Canada Will Seek Forfeiture Of Roman Abramovich’s Sanctioned Assets
The Canadian government has announced plans to seize US$26 million in sanctioned assets from Russian oligarch Roman Abramovich.
The assets, held by Granite Capital Holdings Ltd., a company owned by Abramovich, will be forfeited through a court order. If successful, the proceeds will be used to help reconstruct Ukraine and compensate victims of the Putin regime’s illegal and unjustifiable invasion.
This is the first time that Canada has used a law allowing for the forfeiture of sanctioned assets, and Foreign Minister Melanie Joly stated that Canada is the first member of the Group of Seven to implement this measure against Russia.
The foreign minister has 30 days to make a court application to permanently forfeit the assets to the government. The law allowing for this forfeiture was passed in June, but Joly noted that enforcing it has been challenging due to a lack of police resources for identifying and seizing sanctioned assets.
In October, the government announced $55.6 million (CA$76 million) in funding for a new sanctions enforcement bureau within Joly’s department and additional support for the Royal Canadian Mounted Police.

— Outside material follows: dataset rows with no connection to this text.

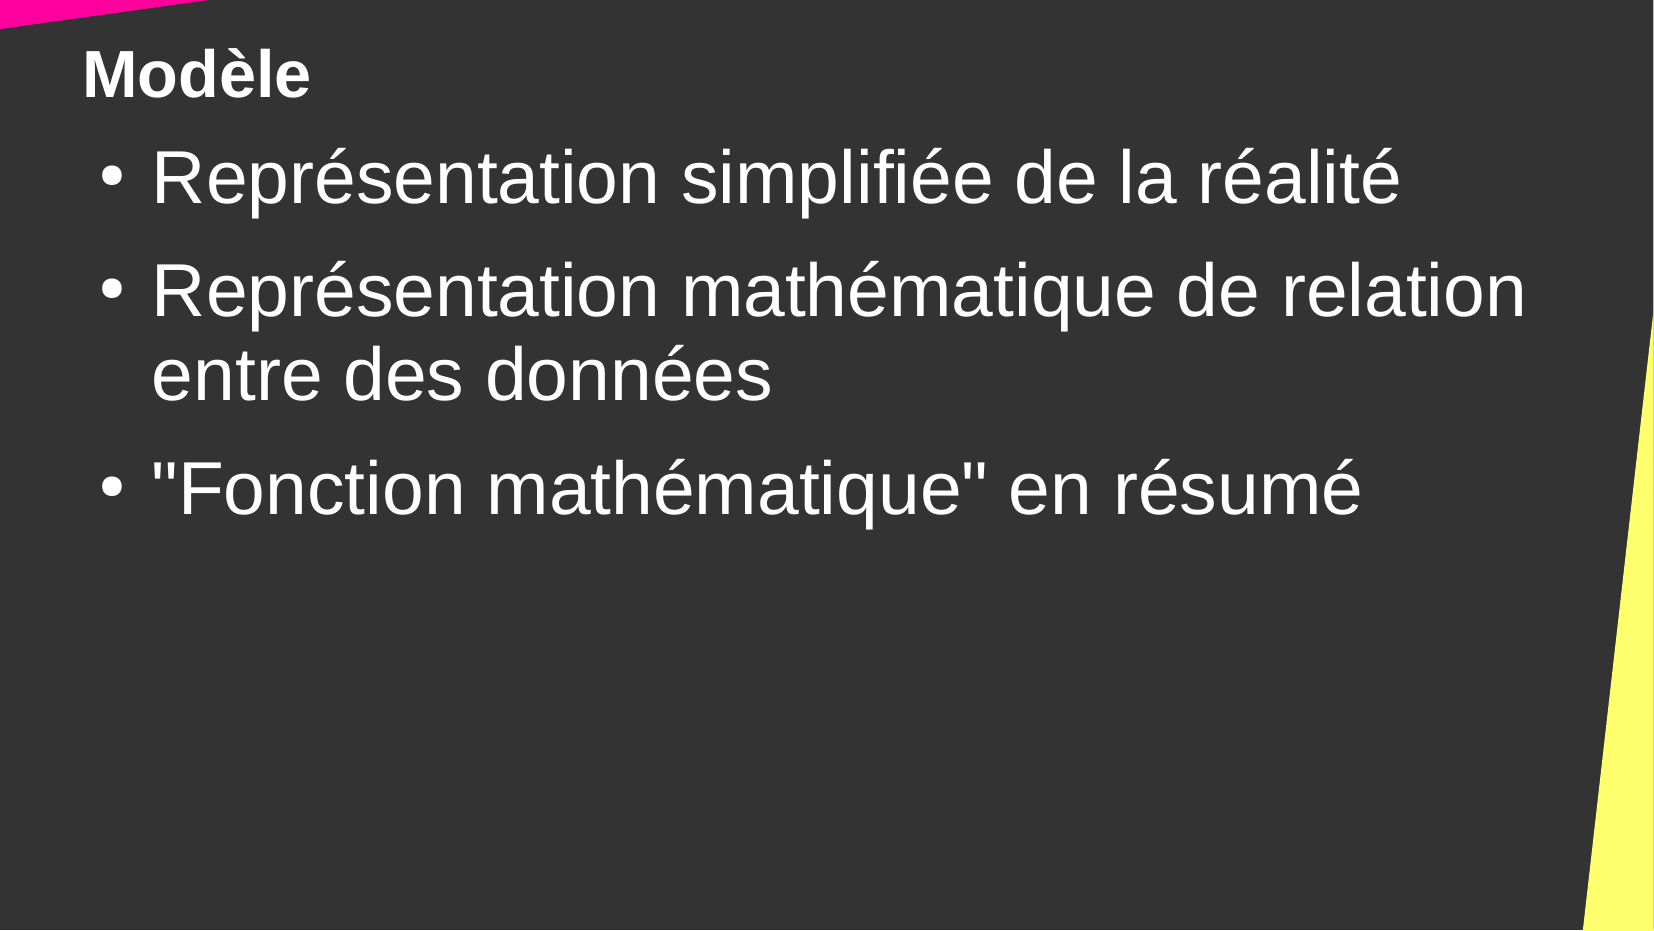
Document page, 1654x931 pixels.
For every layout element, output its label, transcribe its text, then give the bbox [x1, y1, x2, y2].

list Représentation simplifiée de la réalité Représentation mathématique de relation entre des données "Fonction mathématique" en résumé [80, 135, 1560, 603]
title Modèle [82, 37, 1571, 115]
text_box [1582, 306, 1654, 931]
text_box [0, 0, 209, 30]
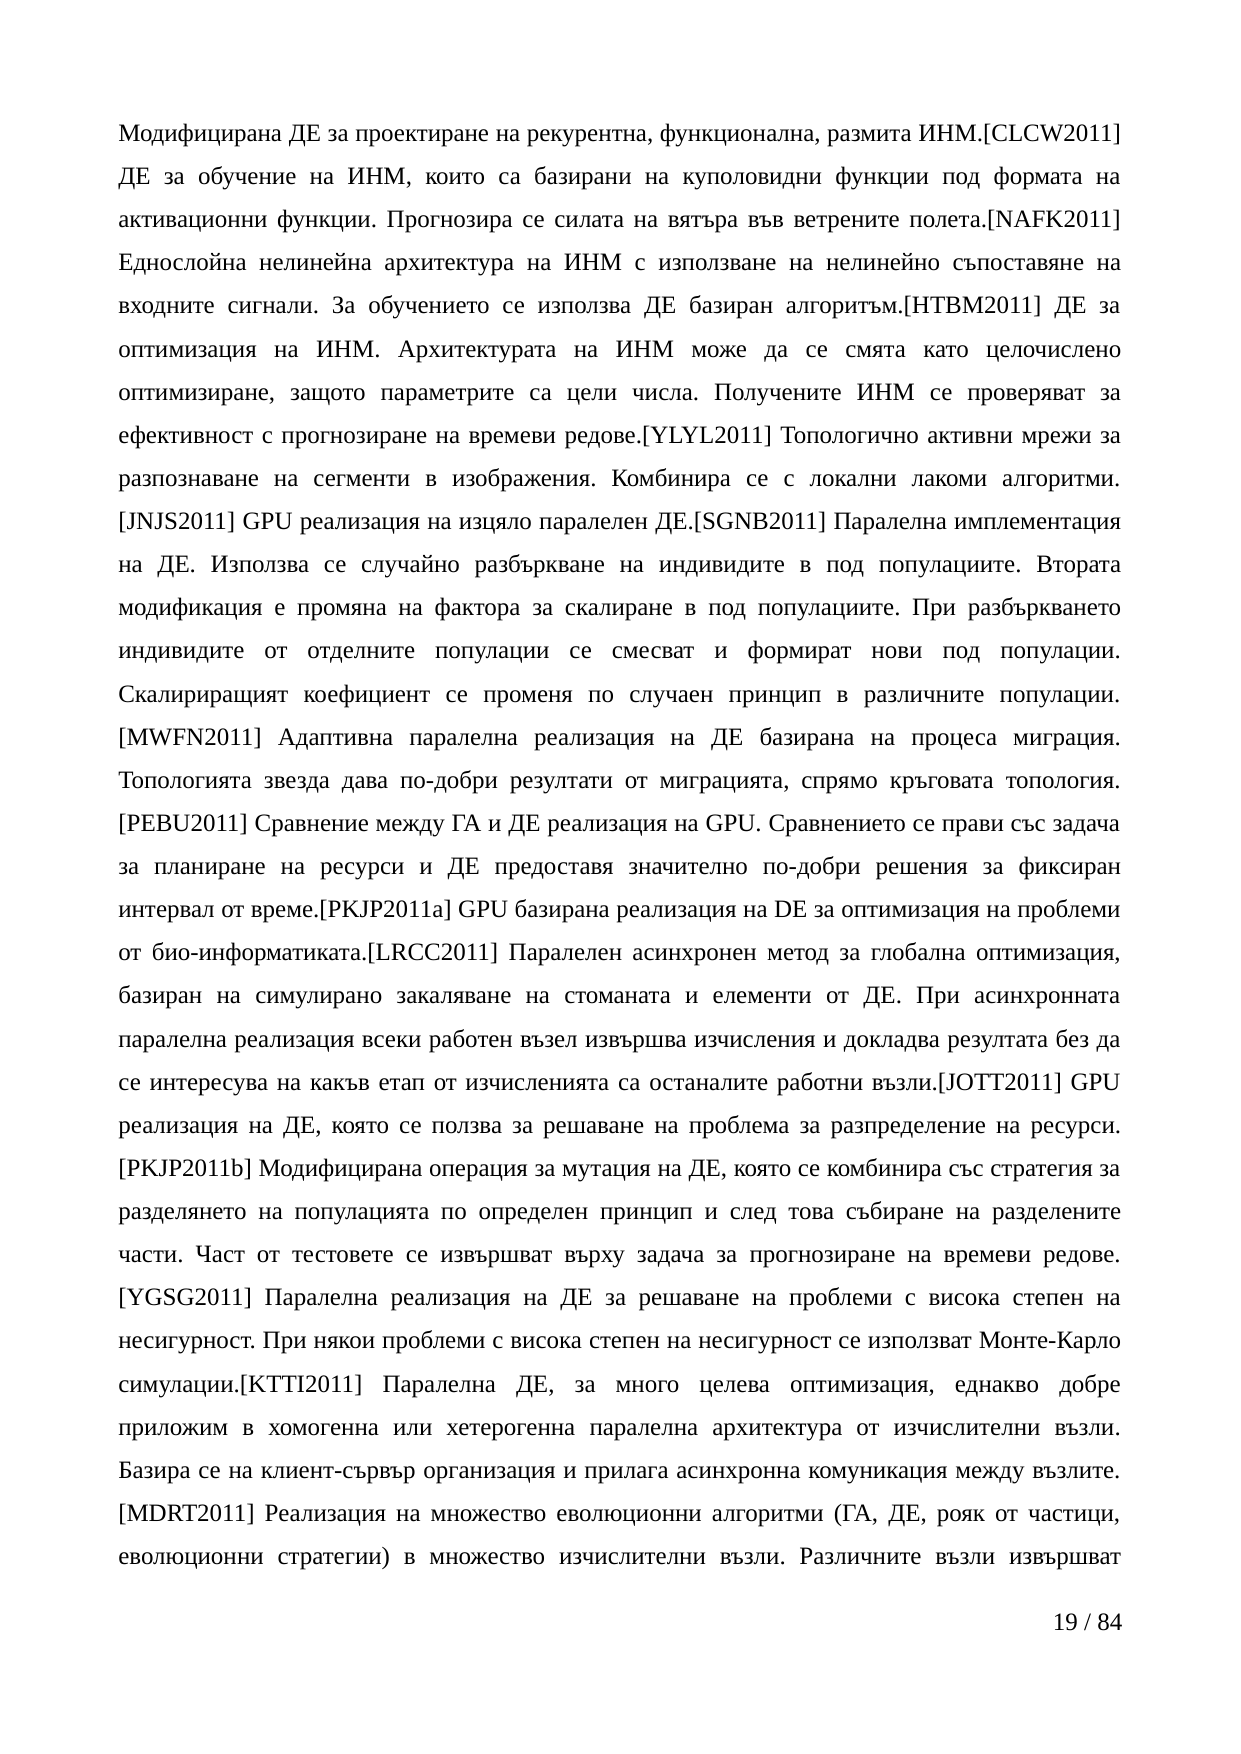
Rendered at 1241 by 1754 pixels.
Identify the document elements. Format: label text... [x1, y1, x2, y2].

text Модифицирана ДЕ за проектиране на рекурентна, функционална, размита ИНМ.[CLCW2011] ДЕ за обучение на ИНМ, които са базирани на куполовидни функции под формата на активационни функции. Прогнозира се силата на вятъра във ветрените полета.[NAFK2011] Еднослойна нелинейна архитектура на ИНМ с използване на нелинейно съпоставяне на входните сигнали. За обучението се използва ДЕ базиран алгоритъм.[HTBM2011] ДЕ за оптимизация на ИНМ. Архитектурата на ИНМ може да се смята като целочислено оптимизиране, защото параметрите са цели числа. Получените ИНМ се проверяват за ефективност с прогнозиране на времеви редове.[YLYL2011] Топологично активни мрежи за разпознаване на сегменти в изображения. Комбинира се с локални лакоми алгоритми.[JNJS2011] GPU реализация на изцяло паралелен ДЕ.[SGNB2011] Паралелна имплементация на ДЕ. Използва се случайно разбъркване на индивидите в под популациите. Втората модификация е промяна на фактора за скалиране в под популациите. При разбъркването индивидите от отделните популации се смесват и формират нови под популации. Скалириращият коефициент се променя по случаен принцип в различните популации.[MWFN2011] Адаптивна паралелна реализация на ДЕ базирана на процеса миграция. Топологията звезда дава по-добри резултати от миграцията, спрямо кръговата топология.[PEBU2011] Сравнение между ГА и ДЕ реализация на GPU. Сравнението се прави със задача за планиране на ресурси и ДЕ предоставя значително по-добри решения за фиксиран интервал от време.[PKJP2011a] GPU базирана реализация на DE за оптимизация на проблеми от био-информатиката.[LRCC2011] Паралелен асинхронен метод за глобална оптимизация, базиран на симулирано закаляване на стоманата и елементи от ДЕ. При асинхронната паралелна реализация всеки работен възел извършва изчисления и докладва резултата без да се интересува на какъв етап от изчисленията са останалите работни възли.[JOTT2011] GPU реализация на ДЕ, която се ползва за решаване на проблема за разпределение на ресурси.[PKJP2011b] Модифицирана операция за мутация на ДЕ, която се комбинира със стратегия за разделянето на популацията по определен принцип и след това събиране на разделените части. Част от тестовете се извършват върху задача за прогнозиране на времеви редове.[YGSG2011] Паралелна реализация на ДЕ за решаване на проблеми с висока степен на несигурност. При някои проблеми с висока степен на несигурност се използват Монте-Карло симулации.[KTTI2011] Паралелна ДЕ, за много целева оптимизация, еднакво добре приложим в хомогенна или хетерогенна паралелна архитектура от изчислителни възли. Базира се на клиент-сървър организация и прилага асинхронна комуникация между възлите.[MDRT2011] Реализация на множество еволюционни алгоритми (ГА, ДЕ, рояк от частици, еволюционни стратегии) в множество изчислителни възли. Различните възли извършват [118, 118, 1122, 1570]
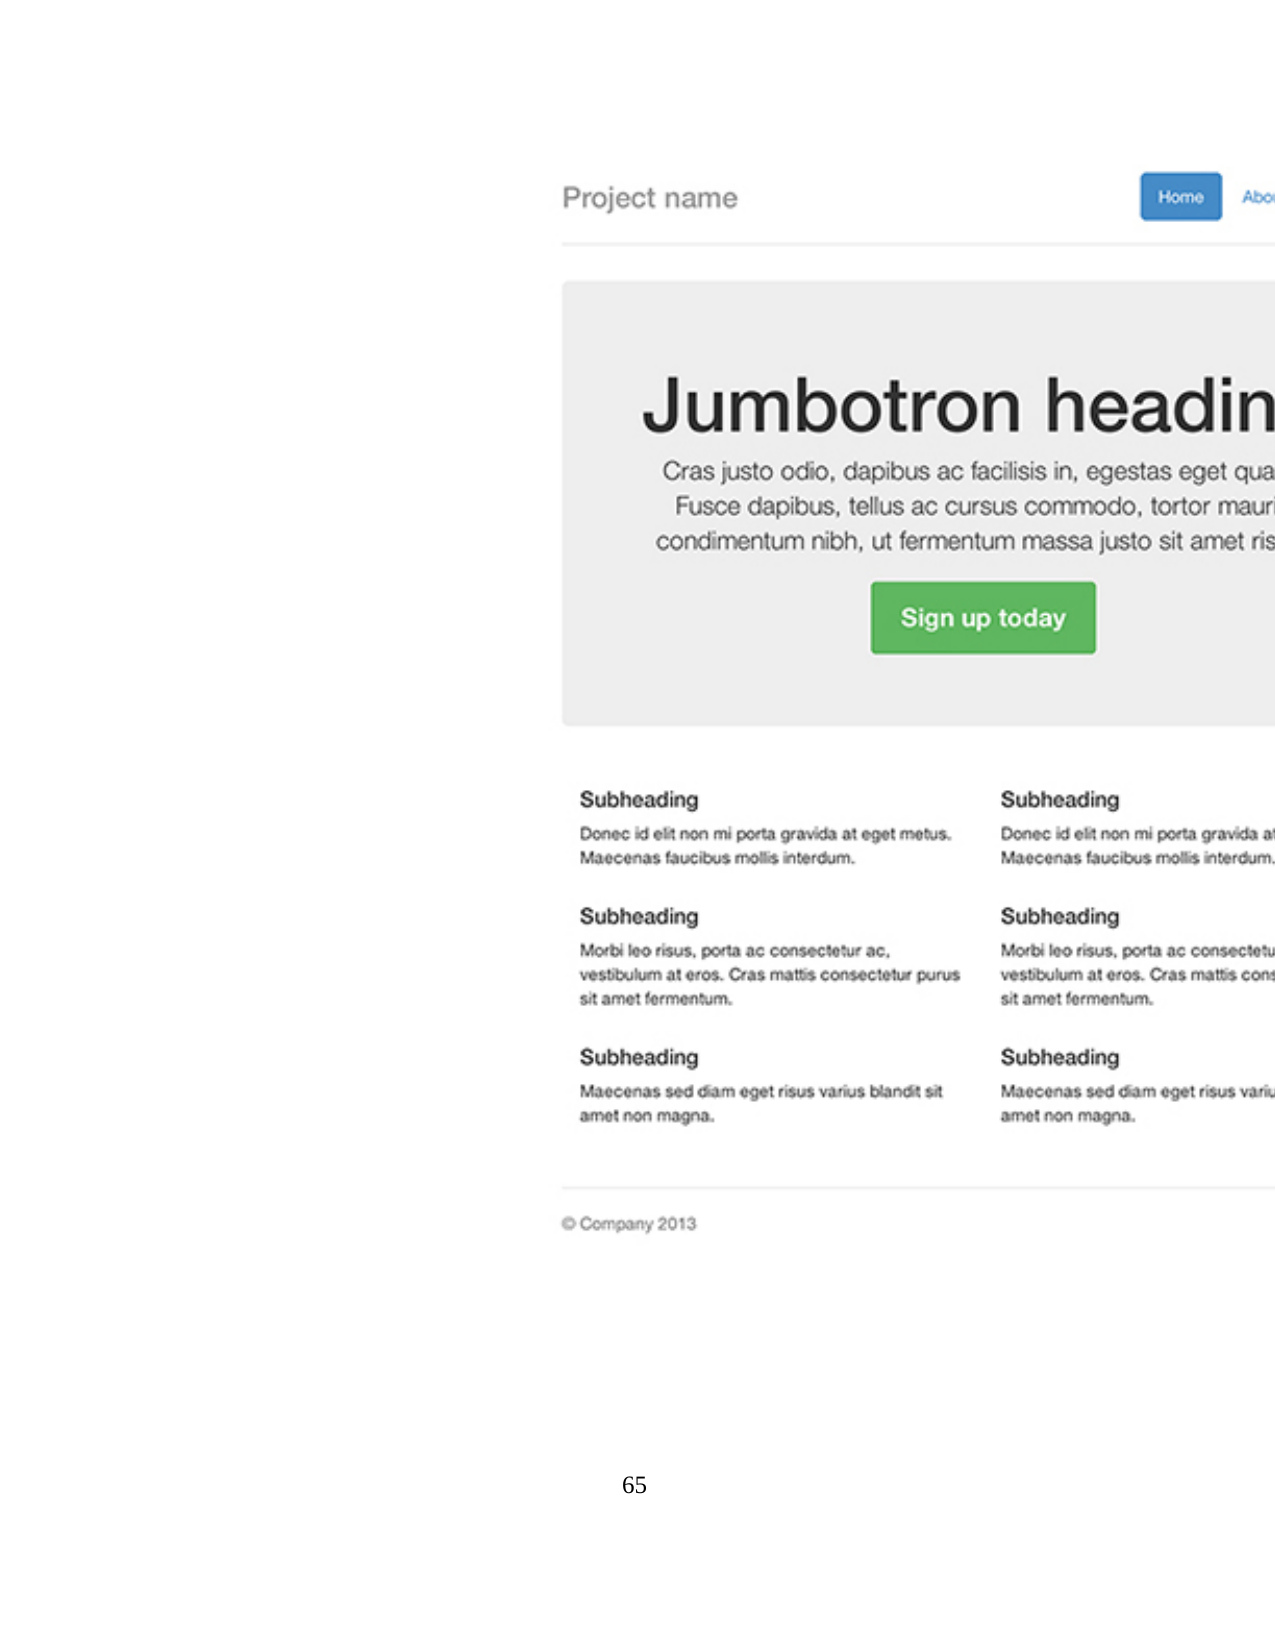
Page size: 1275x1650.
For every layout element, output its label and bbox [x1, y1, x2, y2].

picture [150, 150, 1275, 1400]
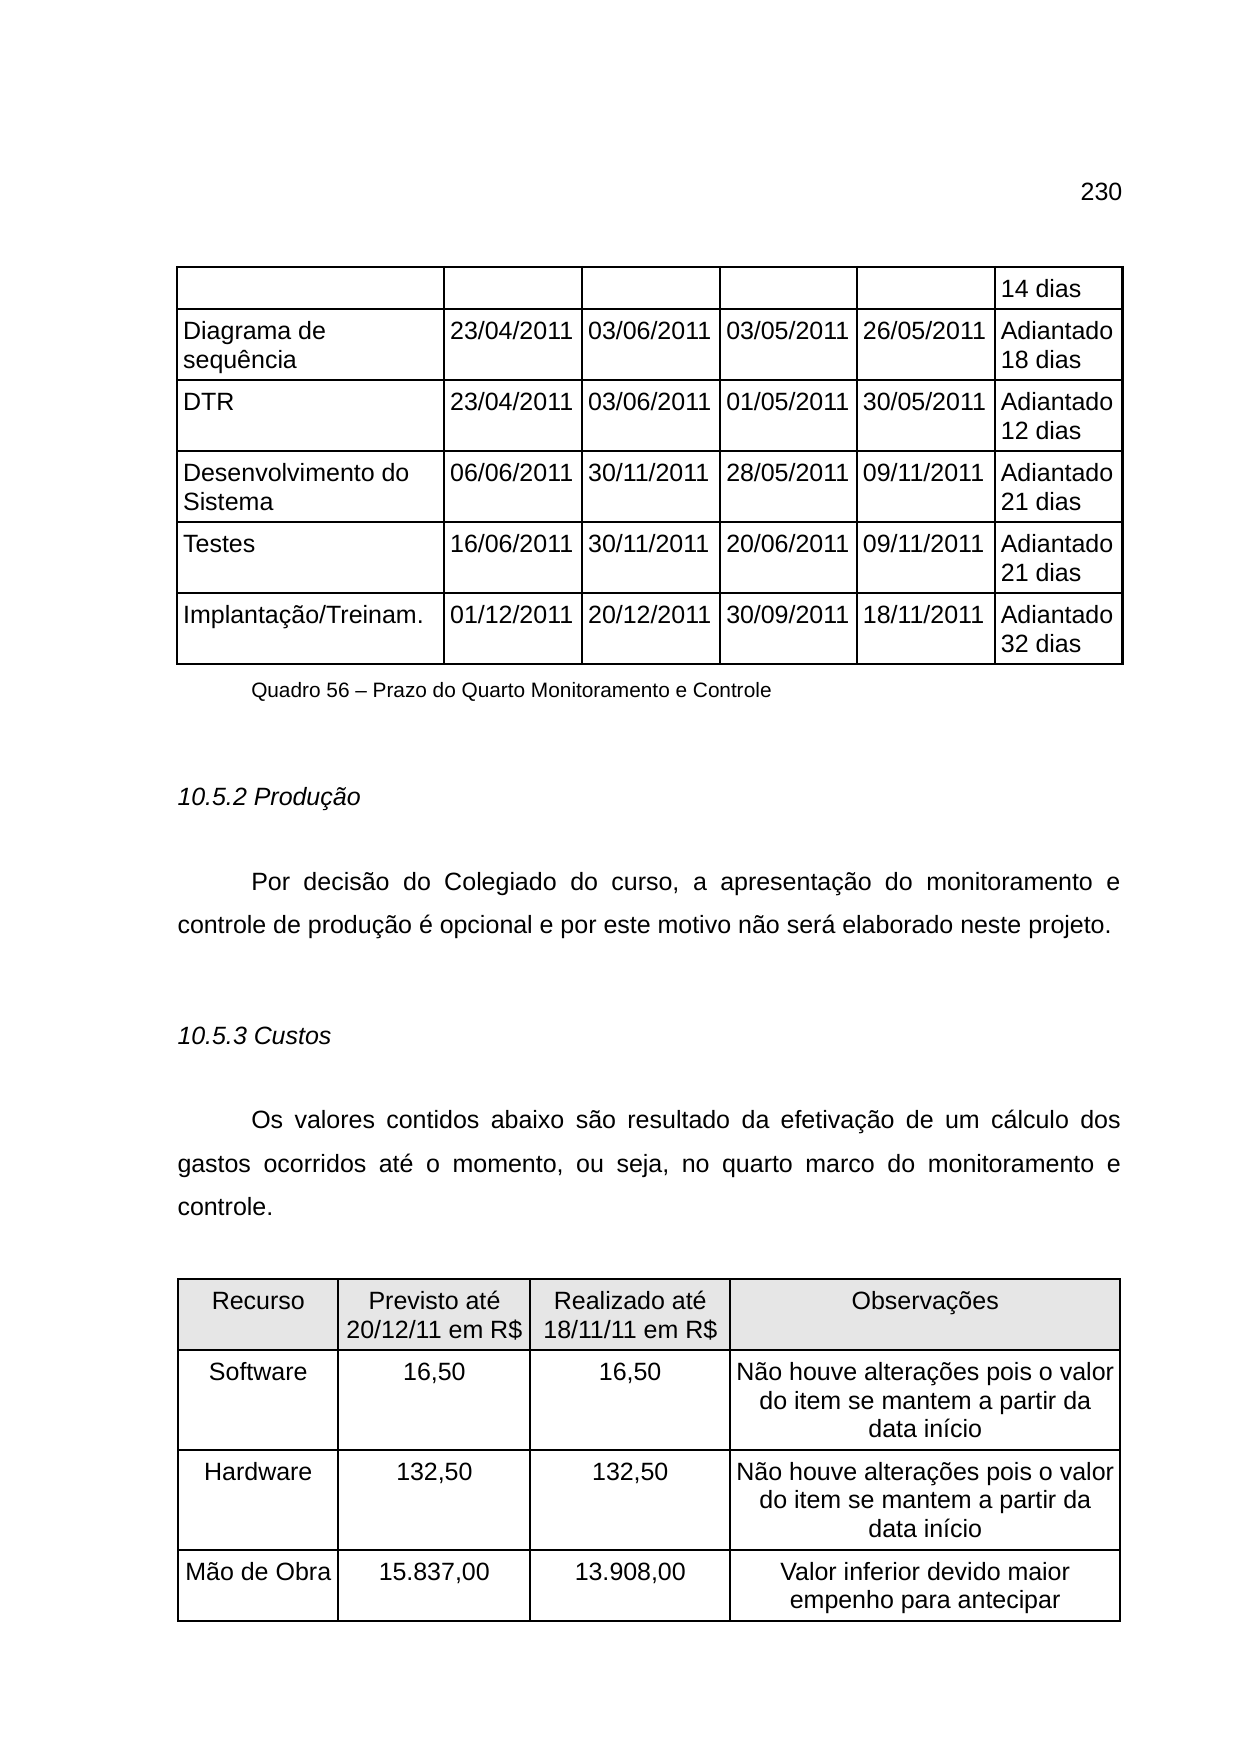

“From the beginning of the war, we have warned Putin and his enablers that they would not be able to hide from the consequences of their actions,” said Joly in a news release.
“Impunity has never been an option and Canada will continue to pressure the Russian regime and those who have benefited from Putin’s barbaric invasion of Ukraine. As Ukrainians continue to fight valiantly to reclaim the land that is rightfully theirs, we reaffirm our commitment to stand with Ukraine for as long as it takes.”
This is the latest in the hits that Abramovich, who’s one of more public-facing oligarchs, has had to take after the Putin regime invaded Ukraine.
Earlier in the year, he sold his stake in Chelsea FC, an English professional football club based in London that he has owned for two decades. And then months later, the oligarch lost his stake in Truphone, the UK eSIM company, shortly after the United States seized two jets worth $400 million.